The Fabelmans

The Fabelmans ★★★★★

“Movies are like dreams.”

When I tell you that I literally cried for the entirety of this movie I genuinely mean it. I was blubbering from the first sight of bright hopeful eyes looking upon a movie screen for the first time.

Stephen Spielberg’s semi-autobiographical story of the life of a young boy who dreams of being a filmmaker, whose family both makes and breaks him is may be as sentimental as it sounds but it is a passion project in every sense of the phrase. There is a sense of magic, wonder, love, truth, passion and strife all combined in a beautifully tragic and realistic way and all these strong themes and emotions fuel the narrative. The sentimentality comes with reason, justification and impact so I for one do not have a problem with it. Bias may be at play because this film’s content resonates with me deeply, but doesn’t that show that Spielberg has hit a core here?

I loved the split focus of cinema and family. The essence of having such a yearning to create is captured so purely and so brilliantly here and the family drama aspect is multi-layered and equally endearing as it is upsetting. Yet through this we are shown a portrait made up of the same strokes. It is Sammy’s family that drive him to make films whether they are always supportive of him or not. From having a beautifully peculiar family, which includes a creative Mother and a Father who adored her for all she was, there was a need to capture memories and this passion just becomes stronger and stronger. But what really struck a chord with me, as well as impressed me, was this really honest sense of what family is. Because you love them, you hate them, they make you better but sometimes they don’t; nonetheless they make you who you are and most importantly you love them no matter what mistakes they make. 

They say that life isn’t like a movie but … it kind of is. It has ups and downs, beautiful moments as well as ugly, there are times where it flies by and times where it slows down and there are a multitude of people involved to make it what it is.
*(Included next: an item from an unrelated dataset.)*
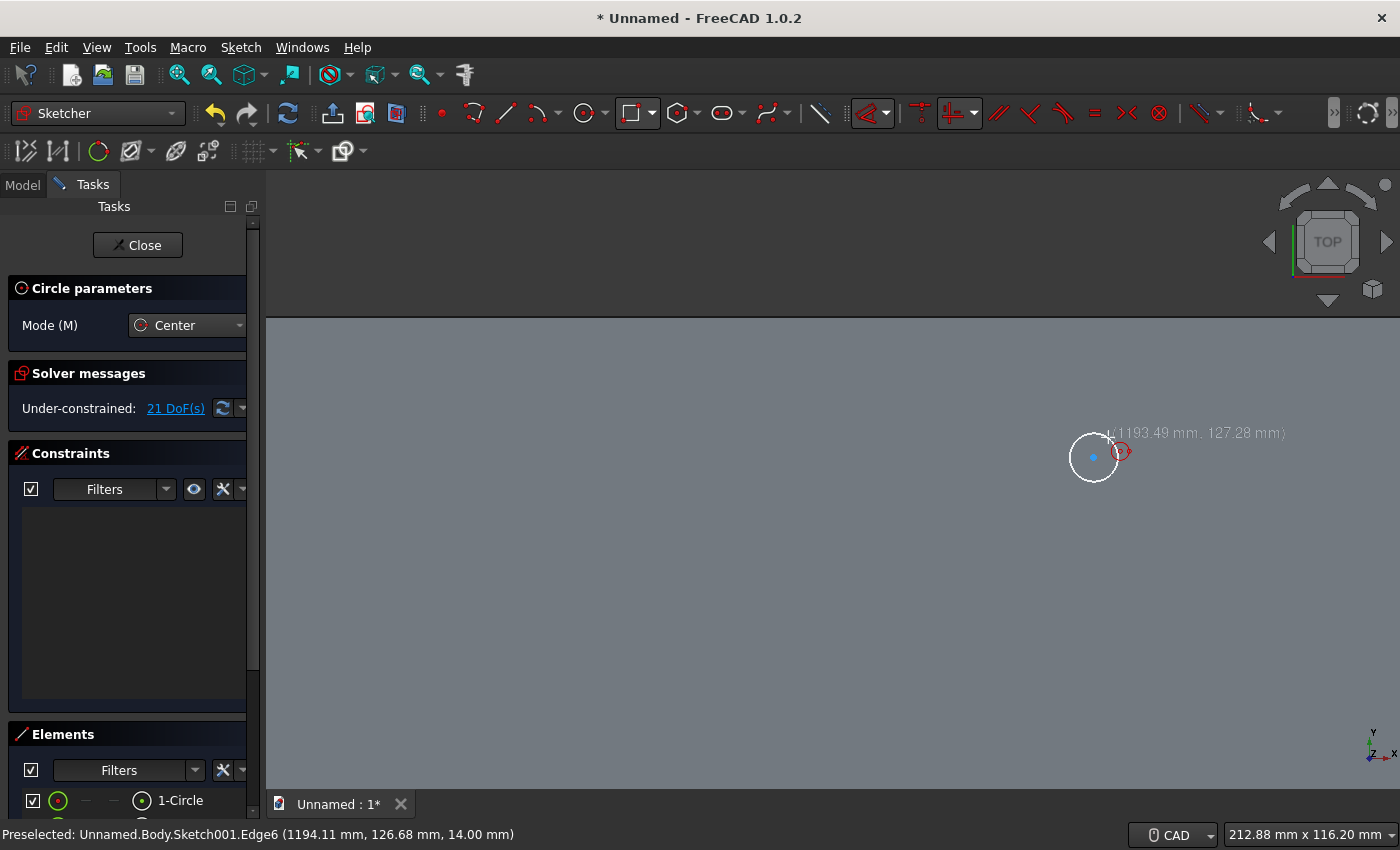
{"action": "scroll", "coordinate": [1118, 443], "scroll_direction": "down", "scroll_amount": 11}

I really got a sense of that here and I found it such a beautiful thing to convey. Movies are life reflected through a fabulous lens that captures all the things we wish to see and emotions we yearn to feel again or maybe not feel again. The visuals really reflected this idea for me. I particularly loved these particular two moments: one where Sammy played the projection of his train crashing on his hands and the other (my favourite) where two reels of film frame his face as he works on one of his movies, these 24 frames a picture are the cogs in his head, the chemicals in his brain, the organs keeping him alive. Movies fuel him for a reason that goes deeper than it being simply a ‘hobby’ (oof that hit close to home). To capture and to present things, to make and craft is a truly beautiful thing as to escape is a necessary activity to keep us from going insane. This film was all about that escape and I absolutely adore it for that.